» **DATA SECTION**
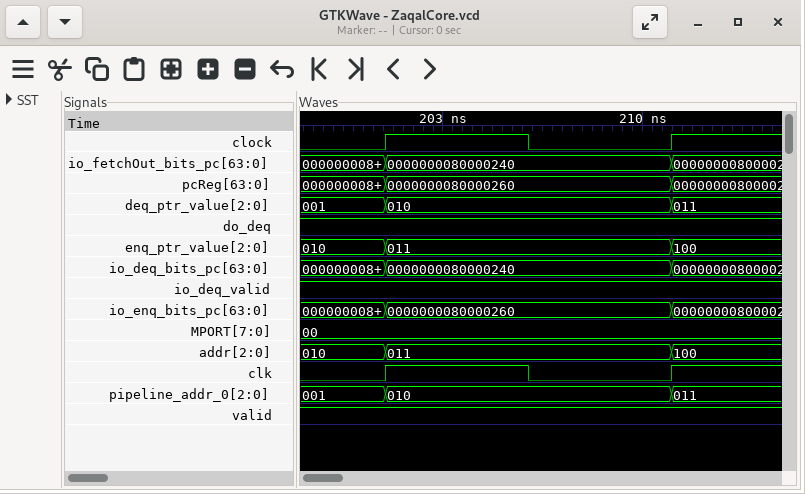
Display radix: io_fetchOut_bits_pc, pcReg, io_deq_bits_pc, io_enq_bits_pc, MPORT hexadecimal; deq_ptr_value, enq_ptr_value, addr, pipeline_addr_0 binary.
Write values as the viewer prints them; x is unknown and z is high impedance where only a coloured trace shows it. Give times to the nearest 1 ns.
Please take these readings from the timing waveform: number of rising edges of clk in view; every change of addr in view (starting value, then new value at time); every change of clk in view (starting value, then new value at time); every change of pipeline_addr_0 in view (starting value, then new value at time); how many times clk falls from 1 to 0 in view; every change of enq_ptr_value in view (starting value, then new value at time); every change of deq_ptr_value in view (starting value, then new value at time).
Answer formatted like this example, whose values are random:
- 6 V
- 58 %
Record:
- 2
- 010, 011 at 201 ns, 100 at 211 ns
- 0, 1 at 201 ns, 0 at 206 ns, 1 at 211 ns
- 001, 010 at 201 ns, 011 at 211 ns
- 1
- 010, 011 at 201 ns, 100 at 211 ns
- 001, 010 at 201 ns, 011 at 211 ns

» **WHAT THE EXERCISE ASKS**
Retrieve each line of the data in which the word "addr" can be found.

» **TASK ANSWER**
Display radix: io_fetchOut_bits_pc, pcReg, io_deq_bits_pc, io_enq_bits_pc, MPORT hexadecimal; deq_ptr_value, enq_ptr_value, addr, pipeline_addr_0 binary.
Please take these readings from the timing waveform: number of rising edges of clk in view; every change of addr in view (starting value, then new value at time); every change of clk in view (starting value, then new value at time); every change of pipeline_addr_0 in view (starting value, then new value at time); how many times clk falls from 1 to 0 in view; every change of enq_ptr_value in view (starting value, then new value at time); every change of deq_ptr_value in view (starting value, then new value at time).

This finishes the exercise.